** DATA FOR THIS EXERCISE follows **

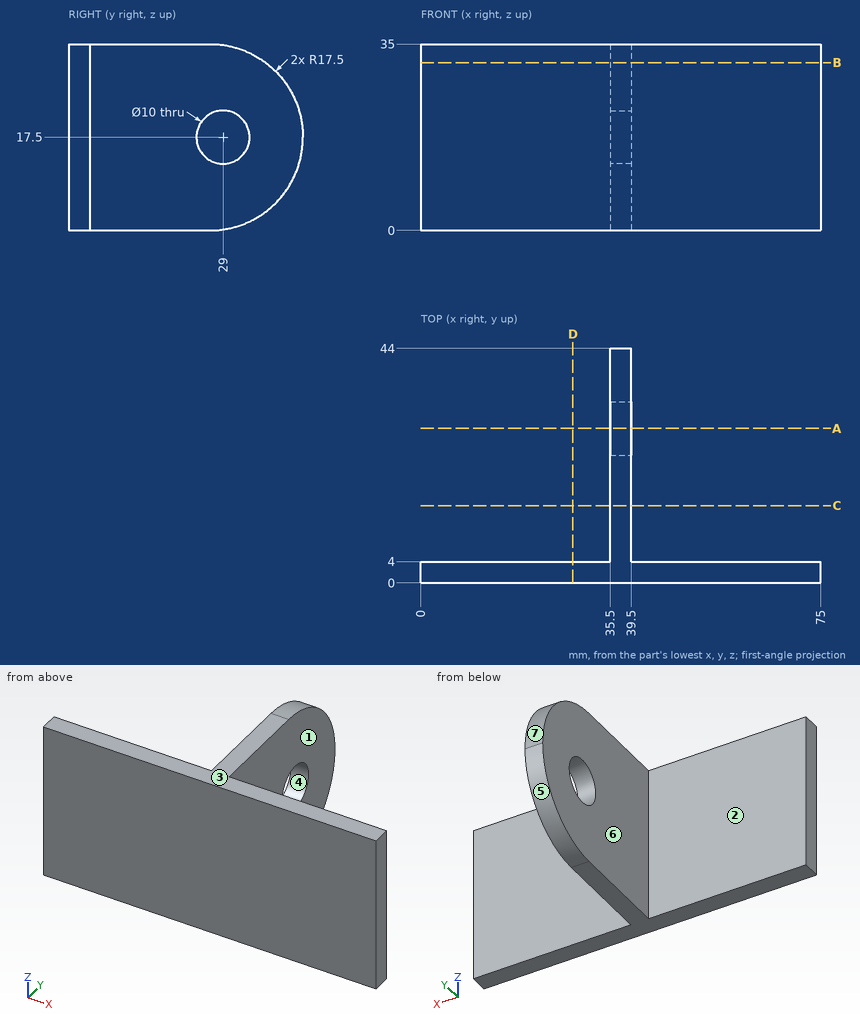
Could you check a few things on this drawing? It's one solid part, dimensions in mm from its lowest x, y, z. A direction names the side the tool comes from. Coordinates: 2 decimals unless noted, no trailing zeros. Order: outer loops, then holes, each group sorted by start corner. A loop starts at its lowest first (then second) coordinate and runs counter-clockwise, first axis right, second up. Notation, with made-up numbers: M 5.25,13.5 L 53.25,13.5 A25 cw 53.25,26.5 Z; hole C 13.25,80.5 d6. An arc over 180 degrees is marked long. Use a Markdown table: item, result. Add a question column.
Q1. If I drill on L1, parallel to Y at x = 36.5, z = 17.5; L2, parallel to Y at x = 42.5, z = 32; L3, parallel to X at y = 17, z = 20.5, over which ranges is the centre line in solid material (lowest first)?
Q2. I want a section at B-B on z = 31.5. List the corners of the cut face in (x, y) for me, then the cut area to 3 significant figures.
Q3. Which directions (+Z, -Z, +X, -X, +Y, -Y) give clear straight access to the entire face, cutting with the end or side of a thin tool? Please do the marked faces 1, 2 and 3.
Q4. We'd pull the mould along Z, two halves only. Please class the marked faces 4, 5, 6 and 7: pulls with the +Z half, pulls with the -Z half, needs draft (parallel to the pull), parting line crosses it, or undercut.
Q5. I want a section at D-D on x = 28.5. List the corners of the cut face in (y, z) for me, then the cut area to 3 significant figures.
Q6. I want a section at A-A on y = 29. List the corners of the cut face in (x, z) for me.
Q7. I want a section at C-C on y = 14.5. List the corners of the cut face in (x, z) for me, then the cut area to 3 significant figures.
Q8. I'm going to push flat-ended pins straight in: pin 1 (10.5 mm diameter, centred on y = 25, z = 19.5, fed in from -X); pin 2 (8 mm diameter, centred on y = 32, z = 29.5, fed in from +X); pin 3 (17.5 mm diameter, centred on x = 51, z = 12.5, fed in from +Y). Where does each tip first touch, or does it pass through?
Checked values:
| question | item | result |
|---|---|---|
| 1 | L1 | 0 to 24, 34 to 44 |
| 1 | L2 | 0 to 4 |
| 1 | L3 | 35.5 to 39.5 |
| 2 | outline | M 0,0 L 75,0 L 75,4 L 39.5,4 L 39.5,37 L 35.5,37 L 35.5,4 L 0,4 Z |
| 2 | area | 432 mm² |
| 3 | face 1 | +Z, -Z, +X, +Y |
| 3 | face 2 | +Z, -Z, -X, +Y |
| 3 | face 3 | +Z, +X, -X, +Y, -Y |
| 4 | face 4 | undercut |
| 4 | face 5 | pulls with the -Z half |
| 4 | face 6 | needs draft |
| 4 | face 7 | pulls with the +Z half |
| 5 | outline | M 0,0 L 4,0 L 4,35 L 0,35 Z |
| 5 | area | 140 mm² |
| 6 | outline | M 35.5,0.18 L 39.5,0.18 L 39.5,12.5 L 35.5,12.5 Z; M 35.5,22.5 L 39.5,22.5 L 39.5,34.82 L 35.5,34.82 Z |
| 7 | outline | M 35.5,0 L 39.5,0 L 39.5,35 L 35.5,35 Z |
| 7 | area | 140 mm² |
| 8 | pin 1 | x = 35.5 |
| 8 | pin 2 | x = 39.5 |
| 8 | pin 3 | y = 4 |
```python
from build123d import *

# Parameters (mm, degrees)
SKETCH_1_W          = 68
SKETCH_1_H          = 35
SKETCH_1_R          = 1.5
EXTRUDE_1_DEPTH     = 4
FILLET_1_R          = 3
SKETCH_2_R          = 1.5
SKETCH_2_R_2        = 7.5
CUT_EXTRUDE_1_DEPTH = 10


with BuildPart() as part:
    # 草图1 → 凸台-拉伸1 (new body)
    with BuildSketch(Plane(origin=(0, 0, 0), x_dir=(1, 0, 0), z_dir=(0, 1, 0))):
        Rectangle(SKETCH_1_W, SKETCH_1_H)
        with Locations(Location((-30, 12.5, 0), (0, 0, 270))):
            Circle(SKETCH_1_R, mode=Mode.SUBTRACT)
        with Locations(Location((-30, 4.5, 0), (0, 0, 270))):
            Circle(SKETCH_1_R, mode=Mode.SUBTRACT)
        with Locations(Location((-30, -5.5, 0), (0, 0, 270))):
            Circle(SKETCH_1_R, mode=Mode.SUBTRACT)
        with Locations(Location((-30, -13.5, 0), (0, 0, 270))):
            Circle(SKETCH_1_R, mode=Mode.SUBTRACT)
    extrude(amount=EXTRUDE_1_DEPTH)

    # 圆角1
    fillet_1_edges = [part.edges().sort_by_distance(p)[0] for p in [
        (34, 2, 17.5),
        (-34, 2, 17.5),
        (-34, 2, -17.5),
        (34, 2, -17.5),
    ]]
    fillet(fillet_1_edges, radius=FILLET_1_R)

    # 草图2 → 切除-拉伸1 (cut)
    with BuildSketch(Plane(origin=(0, 4, 0), x_dir=(1, 0, 0), z_dir=(0, 1, 0))):
        with Locations(Location((-21, 0.5, 0), (0, 0, 270))):
            Circle(SKETCH_2_R)
        with Locations(Location((30, 0.5, 0), (0, 0, 270))):
            Circle(SKETCH_2_R)
        with Locations(Location((-21, -9.5, 0), (0, 0, 270))):
            Circle(SKETCH_2_R)
        with Locations(Location((30, -9.5, 0), (0, 0, 270))):
            Circle(SKETCH_2_R)
        with Locations(Location((5, 0, 0), (0, 0, 270))):
            Circle(SKETCH_2_R_2)
    extrude(amount=-CUT_EXTRUDE_1_DEPTH, mode=Mode.SUBTRACT)


solid = part.part
```
Geometry check sheet. Reference: the model listing, model coordinates, mm. Round coordinates to 2 decimals unless told otherwise and drop trailing zeros. Order: outer loops, then holes, each group sorted by start corner. A loop starts at its lowest first (then second) coordinate and runs counter-clockwise, first axis right, second up. Notation, with made-up numbers: M 67,-16.75 L 88,-16.75 A14 cw 88,-5.75 Z; hole C 19.5,-14 d3. An arc over 180 degrees is marked long. Answer as CSV lines item,"result".
1) Sectioned sample at A-A on x = -30. Record the cut outline in (y, z), and give its area (3 significant figures).
Entries:
outline,"M 0,-17.5 L 4,-17.5 L 4,-14 L 0,-14 Z; M 0,-11 L 4,-11 L 4,-6 L 0,-6 Z; M 0,-3 L 4,-3 L 4,4 L 0,4 Z; M 0,7 L 4,7 L 4,12 L 0,12 Z; M 0,15 L 4,15 L 4,17.5 L 0,17.5 Z"
area,"92.0 mm2"
2) Sectioned sample at B-B on z = -12.5. Record the cut outline in (x, y).
Entries:
outline,"M -34,0 L -31.5,0 L -31.5,4 L -34,4 Z; M -28.5,0 L 34,0 L 34,4 L -28.5,4 Z"
3) Gauge pin test, flat end, axial feed: pin 1 Ø2.5 at (x, z) = (-21, -0.5) entering from -Y. Record the tip position at first contact, or that the pin passes through.
Entries:
pin 1,"through"
4) Mould release check, pull along X, two halves, no side actions. Record for faces 1 (the face through (-33.14, 2.03, 16.6)), 2 (the face through (33.1, 2.03, 16.64)), 3 (the face through (-28.513, 1.972, -4.695)): +X half, -X half, draft (parallel to the pull), parting line (faces both ways), or undercut.
Entries:
face 1,"-X half"
face 2,"+X half"
face 3,"undercut"
5) Thickness scan on probe 1 along X at (y, z) = (1.35, 9.5); probe 2 along X at (y, z) = (3.2, -12.5); probe 3 along X at (y, z) = (3.6, -4.5). Record the ranges inside material, lowest first. Write a range as [from, to].
Entries:
probe 1,"[-34, -22.5], [-19.5, 28.5], [31.5, 34]"
probe 2,"[-34, -31.5], [-28.5, 34]"
probe 3,"[-34, -31.5], [-28.5, -1], [11, 34]"
6) Sectioned sample at D-D on x = -21. Record the cut outline in (y, z), and give its area (3 significant figures).
Entries:
outline,"M 0,-17.5 L 4,-17.5 L 4,-2 L 0,-2 Z; M 0,1 L 4,1 L 4,8 L 0,8 Z; M 0,11 L 4,11 L 4,17.5 L 0,17.5 Z"
area,"116 mm2"
7) Sectioned sample at C-C on y = 3. Give the number of separate pieces and of enclosed holes in the cut face, and give its area (3 significant figures).
Entries:
separate pieces,"1"
enclosed holes,"9"
area,"2,140 mm2"

** End of DATA FOR THIS EXERCISE **

* ABOUT THIS EXERCISE *
The lines above starting at the one that contains "Q7. I want a" and ending at the one that contains "2 | +Z, -Z, -X, +Y |" must be transcribed exactly, and no other lines may appear.

* ANSWER *
Q7. I want a section at C-C on y = 14.5. List the corners of the cut face in (x, z) for me, then the cut area to 3 significant figures.
Q8. I'm going to push flat-ended pins straight in: pin 1 (10.5 mm diameter, centred on y = 25, z = 19.5, fed in from -X); pin 2 (8 mm diameter, centred on y = 32, z = 29.5, fed in from +X); pin 3 (17.5 mm diameter, centred on x = 51, z = 12.5, fed in from +Y). Where does each tip first touch, or does it pass through?
Checked values:
| question | item | result |
|---|---|---|
| 1 | L1 | 0 to 24, 34 to 44 |
| 1 | L2 | 0 to 4 |
| 1 | L3 | 35.5 to 39.5 |
| 2 | outline | M 0,0 L 75,0 L 75,4 L 39.5,4 L 39.5,37 L 35.5,37 L 35.5,4 L 0,4 Z |
| 2 | area | 432 mm² |
| 3 | face 1 | +Z, -Z, +X, +Y |
| 3 | face 2 | +Z, -Z, -X, +Y |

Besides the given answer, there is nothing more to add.